(This is Part 7 of a series. Go back to Part 6.)
The third criteria:
Is this food as nature presented it?
A food as nature presents it is, in the first place, whole. It is not refined, it is not fragmented or fractionated, it is not adulterated with other things, it is not made in a factory.
An example of a whole food is a fresh, ripe, raw apple. An example of a non-whole food is an apple pie. The apple has then been adulterated with starches, fats and refined sugars and cooked at high heat. Nutritionally, it bears no resemblance to the food that nature presented.
Even juicing the apple takes it a step away from nature. Juicing it removes most of the fiber and concentrates the sugars and calories, turning it into a different kind of food. Anytime we concentrate something we change its quality, almost always for the worse. Cocaine is a much different substance than coca leaf.

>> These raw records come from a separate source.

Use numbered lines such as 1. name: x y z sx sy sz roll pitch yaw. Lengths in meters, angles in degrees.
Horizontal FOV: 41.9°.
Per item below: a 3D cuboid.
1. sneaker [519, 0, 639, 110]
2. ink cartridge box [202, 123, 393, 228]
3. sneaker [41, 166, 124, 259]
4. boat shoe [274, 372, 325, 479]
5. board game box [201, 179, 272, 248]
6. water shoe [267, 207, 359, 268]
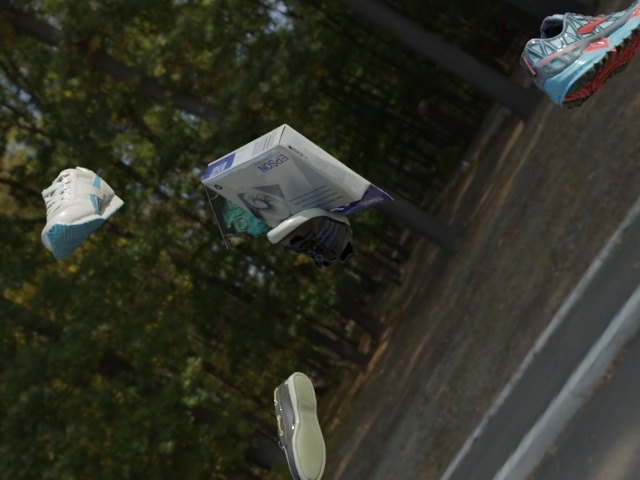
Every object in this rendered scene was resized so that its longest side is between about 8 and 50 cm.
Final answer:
1. sneaker: 0.379 -0.292 1.179 0.262 0.125 0.104 -37 -22 -34
2. ink cartridge box: -0.039 -0.077 1.311 0.223 0.224 0.045 -19 48 51
3. sneaker: -0.351 -0.043 1.171 0.087 0.092 0.229 -41 11 7
4. boat shoe: -0.045 0.367 1.597 0.068 0.081 0.228 -35 43 30
5. board game box: -0.202 -0.084 2.039 0.126 0.186 0.026 -24 28 -13
6. water shoe: 0.000 0.000 1.257 0.073 0.080 0.203 -34 -14 28

Even dehydration is a form of concentration and thus a step away from nature. The body needs the water anyway, so we're going to have to add the water back by drinking it. What's the point? Why not eat the original food?
The idea prevalent nowadays is that if a certain amount of something is good for us, then more of that thing must be even better. And turning apples into apple juice, say, does allow us to consume far greater amounts of some nutrients than we ever could by eating the original apples. But that doesn't mean it's better for us.
Juicing and dehydration, of course, are the least of it. Far more insidious forms of concentration are the refining of foods into various sugars, oils, chips, jams, etc., and the fractionation of foods to produce the current vast array of supplements.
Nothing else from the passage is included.